Steve Fowler drove the Grande Panda for 15 minutes to measure how often he smiled during the drive (Fiat)

“It’s a bit more complicated taking this out of the laboratory into a car,” he said. “First of all, we’ve got all of the chaos of driving where your head moves around and you might lean forward and lean back and things like that. What we use to give this a grounding in reality is the distance between your eyes – we use that as a kind of north star to see whether this is just you leaning in towards the camera so your mouth looks wider or has he had a twitch there and so on.”

That’s all very clever, but what about the scourge of the modern motorists: potholes? They can bring about all sorts of facial expressions?

“Yes, we have a new problem in the car, which is that it bounces around and British roads are British roads,” said Williams. “It could be a wince – we’ve had to think about all those things.

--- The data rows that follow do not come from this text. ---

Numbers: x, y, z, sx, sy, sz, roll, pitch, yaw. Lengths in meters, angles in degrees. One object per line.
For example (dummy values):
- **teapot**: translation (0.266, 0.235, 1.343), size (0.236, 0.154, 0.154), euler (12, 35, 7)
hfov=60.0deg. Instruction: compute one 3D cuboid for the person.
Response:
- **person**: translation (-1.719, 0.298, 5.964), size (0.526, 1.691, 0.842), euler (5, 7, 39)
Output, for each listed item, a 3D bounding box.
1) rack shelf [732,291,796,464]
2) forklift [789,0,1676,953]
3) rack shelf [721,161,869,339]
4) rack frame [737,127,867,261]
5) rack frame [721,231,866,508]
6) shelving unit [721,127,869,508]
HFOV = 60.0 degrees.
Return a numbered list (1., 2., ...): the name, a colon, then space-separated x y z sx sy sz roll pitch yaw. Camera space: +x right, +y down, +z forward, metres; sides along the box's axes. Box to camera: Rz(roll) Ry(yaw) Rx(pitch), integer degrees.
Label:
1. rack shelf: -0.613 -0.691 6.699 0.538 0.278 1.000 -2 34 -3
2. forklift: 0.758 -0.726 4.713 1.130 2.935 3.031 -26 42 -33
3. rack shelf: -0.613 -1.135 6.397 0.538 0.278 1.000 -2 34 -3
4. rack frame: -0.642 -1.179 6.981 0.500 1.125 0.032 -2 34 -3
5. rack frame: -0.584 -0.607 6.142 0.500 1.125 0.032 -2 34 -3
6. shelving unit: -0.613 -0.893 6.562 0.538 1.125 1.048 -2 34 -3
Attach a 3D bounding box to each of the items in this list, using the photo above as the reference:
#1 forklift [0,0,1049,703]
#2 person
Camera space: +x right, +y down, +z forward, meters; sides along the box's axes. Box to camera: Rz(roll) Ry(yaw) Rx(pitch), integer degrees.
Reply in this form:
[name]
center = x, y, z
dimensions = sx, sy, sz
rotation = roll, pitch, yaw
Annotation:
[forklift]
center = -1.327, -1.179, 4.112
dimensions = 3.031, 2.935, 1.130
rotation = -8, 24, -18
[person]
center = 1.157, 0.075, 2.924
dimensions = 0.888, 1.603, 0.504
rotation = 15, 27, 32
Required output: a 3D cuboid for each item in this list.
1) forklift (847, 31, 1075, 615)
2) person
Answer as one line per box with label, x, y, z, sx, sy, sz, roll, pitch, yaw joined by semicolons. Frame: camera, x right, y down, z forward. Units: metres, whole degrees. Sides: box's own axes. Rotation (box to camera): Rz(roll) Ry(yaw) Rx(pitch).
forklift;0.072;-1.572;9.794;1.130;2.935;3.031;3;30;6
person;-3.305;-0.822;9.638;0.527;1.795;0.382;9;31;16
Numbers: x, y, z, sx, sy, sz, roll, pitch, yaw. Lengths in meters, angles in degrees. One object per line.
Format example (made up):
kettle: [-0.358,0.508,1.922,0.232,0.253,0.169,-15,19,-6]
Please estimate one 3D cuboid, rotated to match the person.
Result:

“We kind of smooth it out a bit and we take away the rough edges using a moving average technique, so we’re more interested in the overall sense of what’s going on than the moment-by-moment sharp spikes.”

An AI developed computer modelling system was used to detect the number of smiles per hour (Fiat)

Fiat says the Grande Panda recorded an average of 258.1 Smiles Per Hour in its study. The electric version scored 259.5, while the hybrid version didn’t make drivers quite so happy but still scored a very respectable 257.

When it came to the battle of the sexes, the Grande Panda made female participants happier than their male counterparts. The girls registered 337.5 SPH versus 171.4 SPH for the guys.

The car’s colour didn’t make any discernible difference, which may be something of a surprise for anyone who’s seen a Grande Panda in one of its brighter shades – it is not a car that seems designed to blend into the supermarket car park, appearing as if sketched by someone with a ruler, a sense of humour and fond memories of the original Panda’s 1980s design.

Fiat is also using the study to make a wider point about how we talk about cars. It says previous research suggests Brits smile around 14 times a day on average, which works out at roughly 0.9 smiles per hour. Against that, even the lowest Grande Panda score of 46.1 smiles per hour in the study looks fairly upbeat.

And then there was me.

My result was 21.6 Smiles Per Hour. That is 24 times higher than the UK average, so we can safely say the new electric Grande Panda made me happier than standing in a queue or reading an energy bill.

The Grande Panda is the first car that Fiat will use to measure smiles per hour (Fiat)

However, it was also a long way below the average for the rest of the participants, who managed 268.8 Smiles Per Hour. The range for everyone else ran from 46.1 to 583.2, meaning I was not just below average; I was the official low-water mark.

Williams wasn’t surprised and had suspected that might be the case before we even set off. “I suppose you’ll be less easily impressed in a new car than the other participants,” he graciously said, before I suggested that what often cheers me up most in a car is seeing the reaction of other people. If someone smiles at a fun-looking car, that can be as enjoyable as driving the car itself.

So is this a new measurement we’ll all be adopting? Fiat UK managing director Kris Cholmondeley said: “We always try and give customers as much information as possible about our cars, but we don’t believe that speed alone is what makes driving enjoyable. Driving a Fiat has never been about chasing numbers; it’s about how you feel behind the wheel. Smiles Per Hour gives us a meaningful new way to talk about that feeling.”

Can Smiles Per Hour replace range, charging speed, performance and price in the serious business of choosing an electric car? Those things still really matter when people are spending their own money.

But as a light-hearted way of asking whether a car is actually enjoyable, it is hard not to warm to it – even from the bottom of the scoreboard. The Grande Panda may not have turned me into the happiest driver in Britain, but it did prove one thing: I enjoyed being behind the wheel and even a miserable bloke in a small electric Fiat can manage a few smiles.